• **Exercise prompt**
Where a line below includes the word "Image", copy that line.

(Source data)
════════════════

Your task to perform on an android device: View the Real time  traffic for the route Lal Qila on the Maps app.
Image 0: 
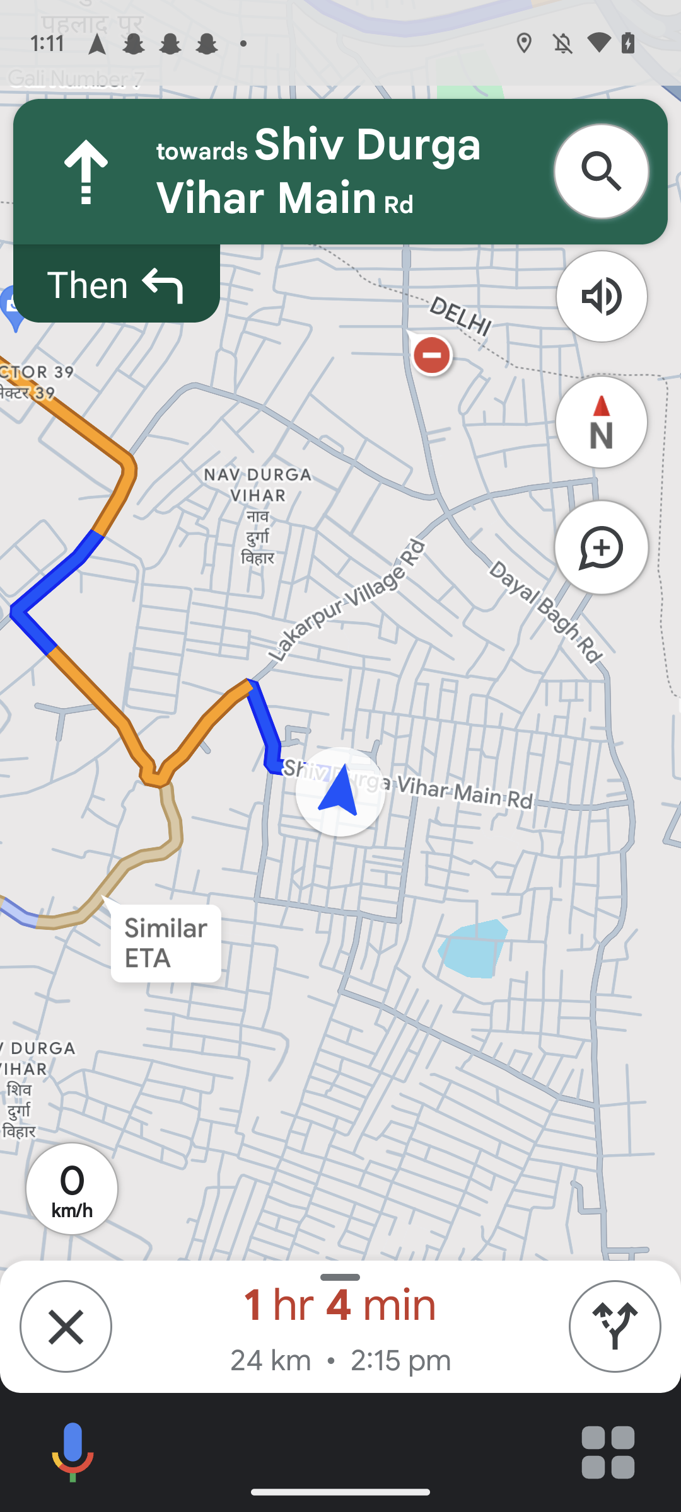
Scroll the map to view the traffic updates.
Step 0: scroll left
Image 1: 
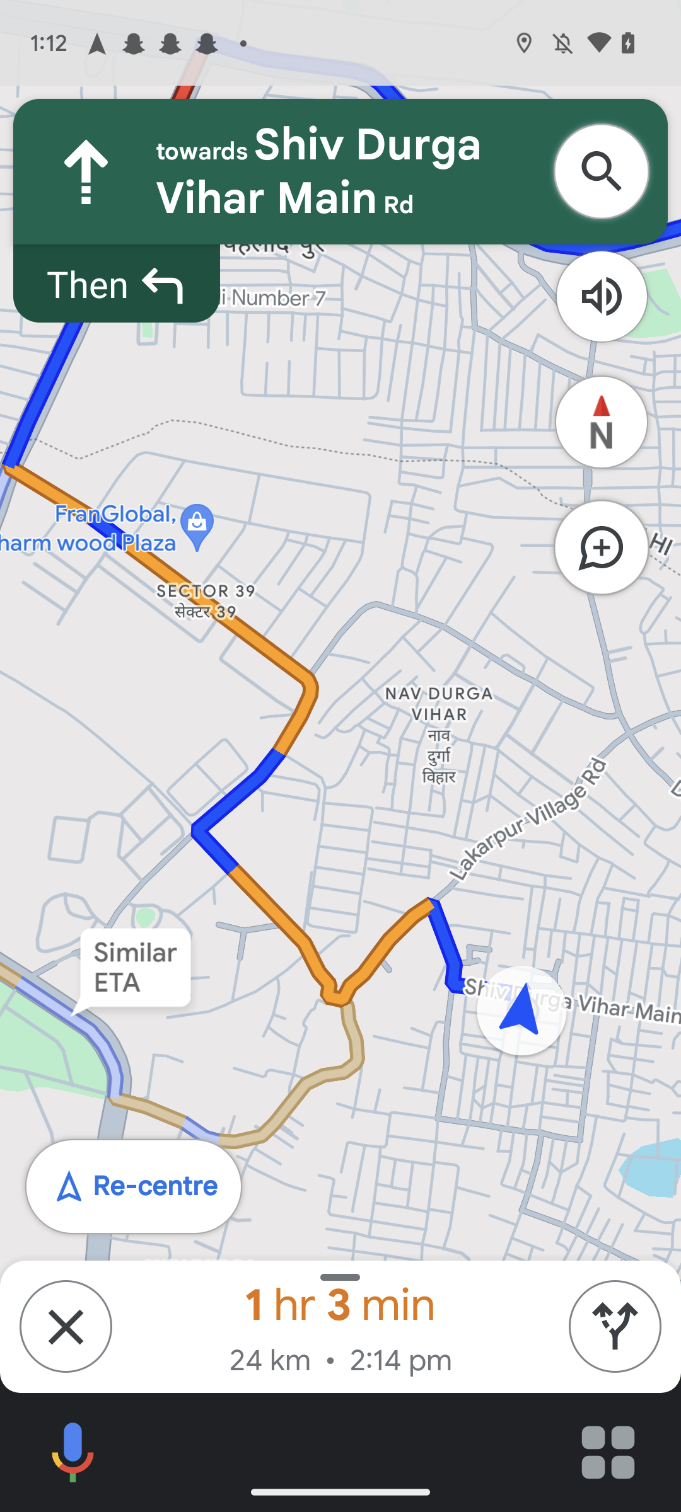
Scroll the map to view the traffic updates.
Step 1: scroll left
Image 2: 
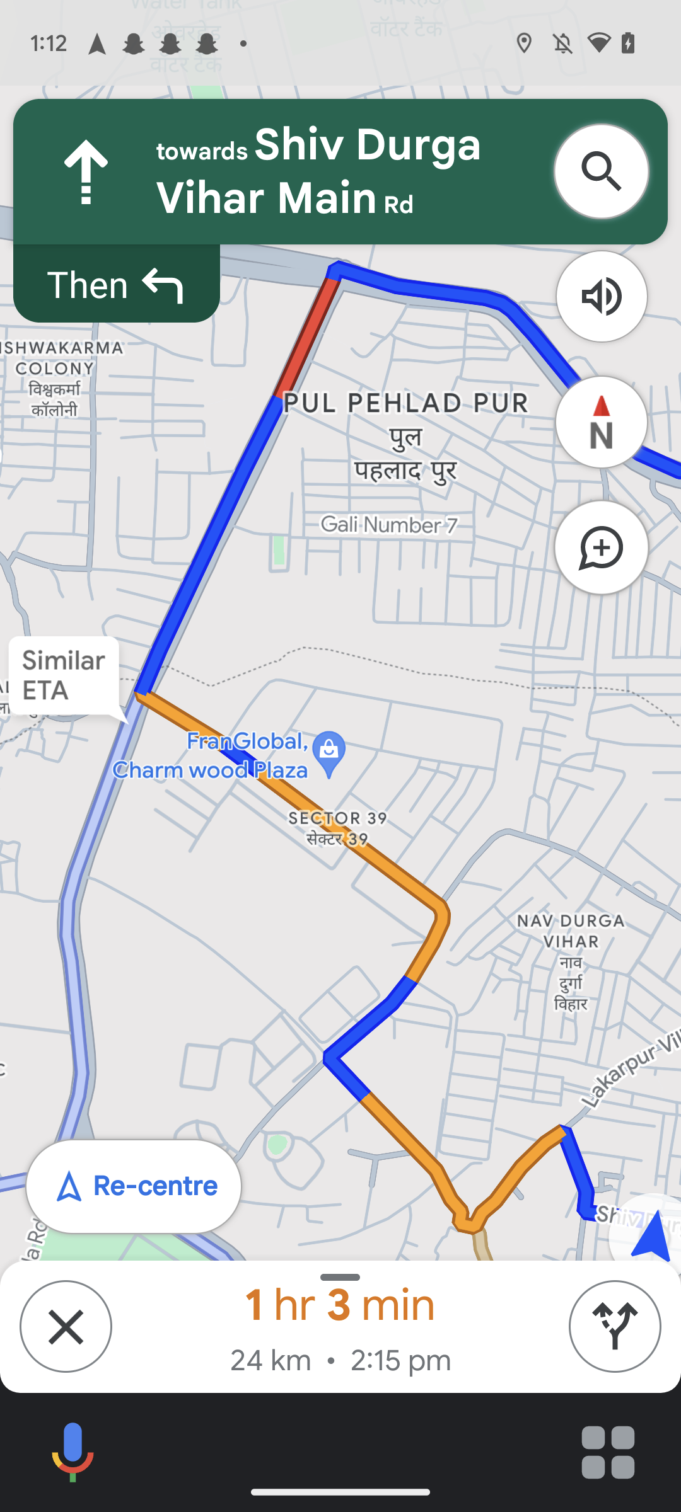
Scroll the map to view the traffic updates.
Step 2: scroll right
Image 3: 
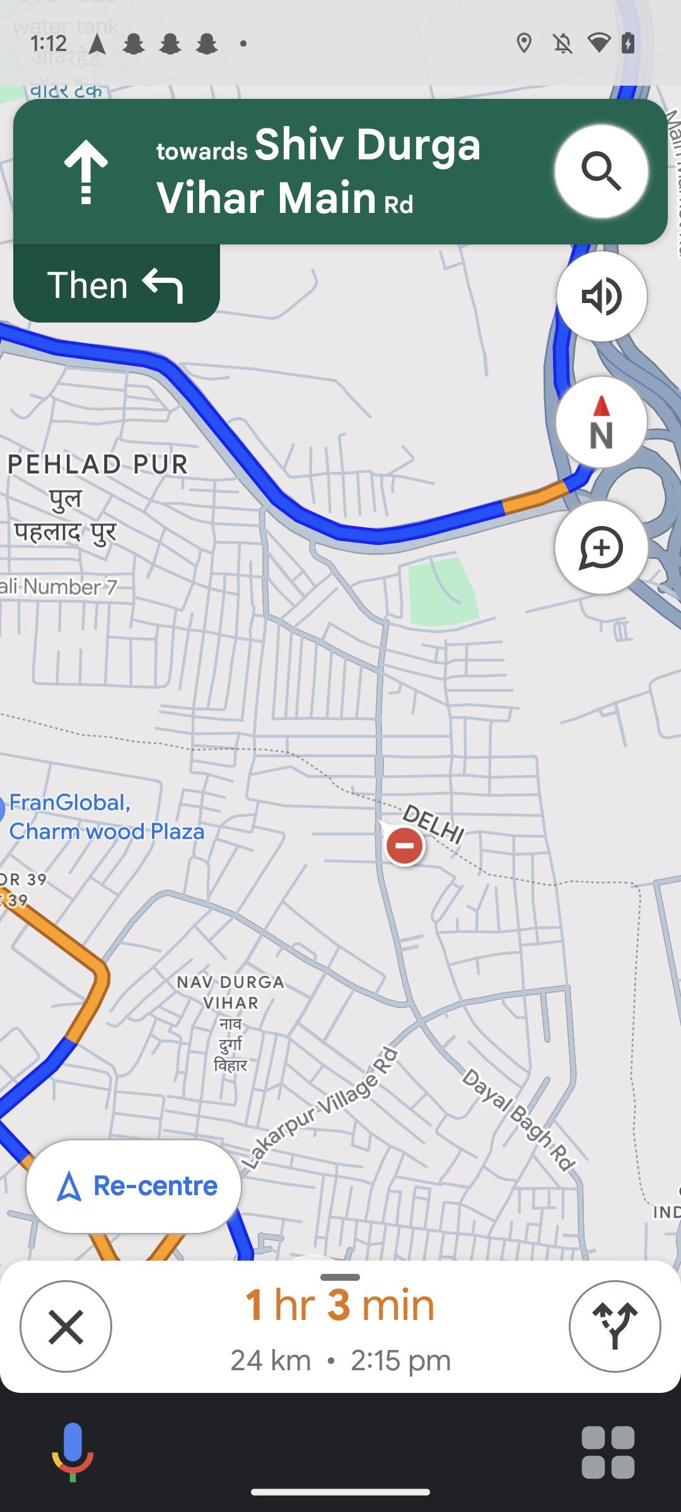
Scroll the map to view the traffic updates.
Step 3: scroll right
Image 4: 
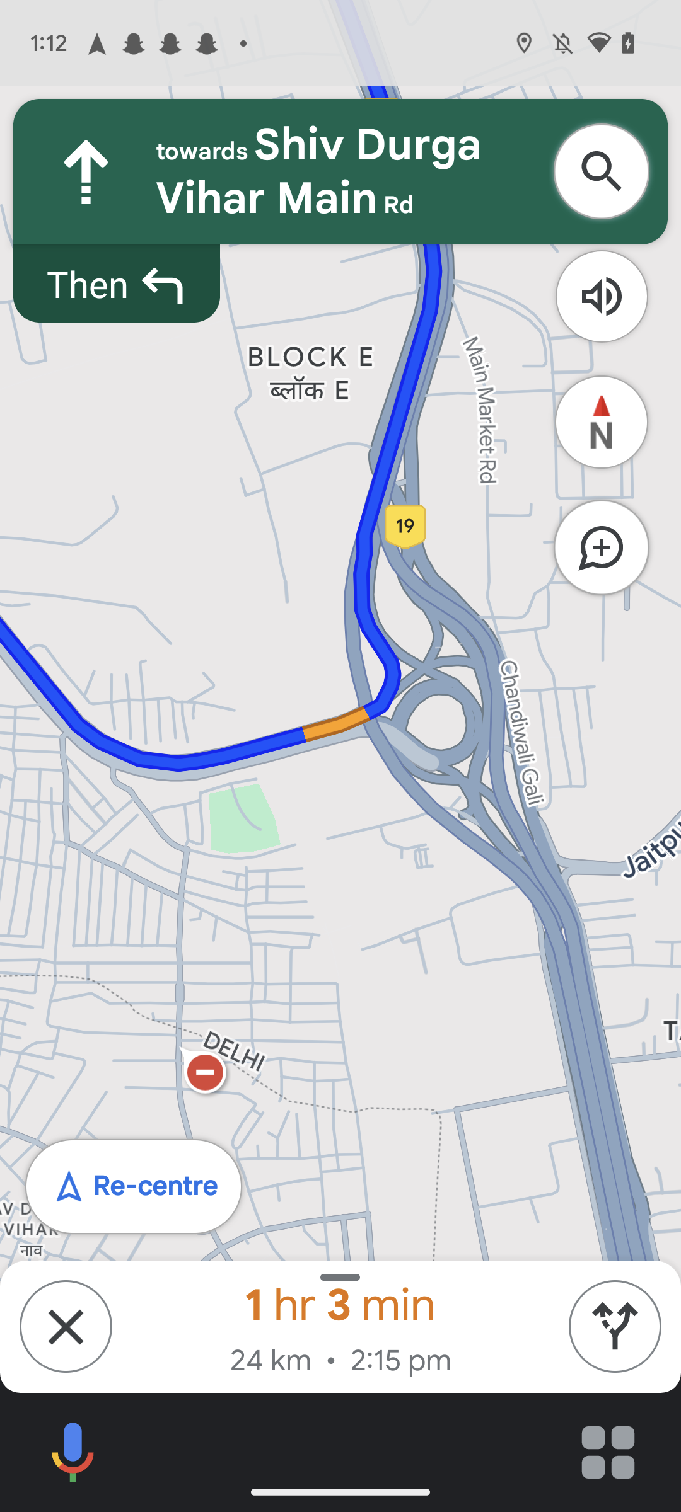
Scroll the map to view the traffic updates.
Step 4: scroll up

════════════════

• **Result for this exercise**
Image 0: 
Image 1: 
Image 2: 
Image 3: 
Image 4: 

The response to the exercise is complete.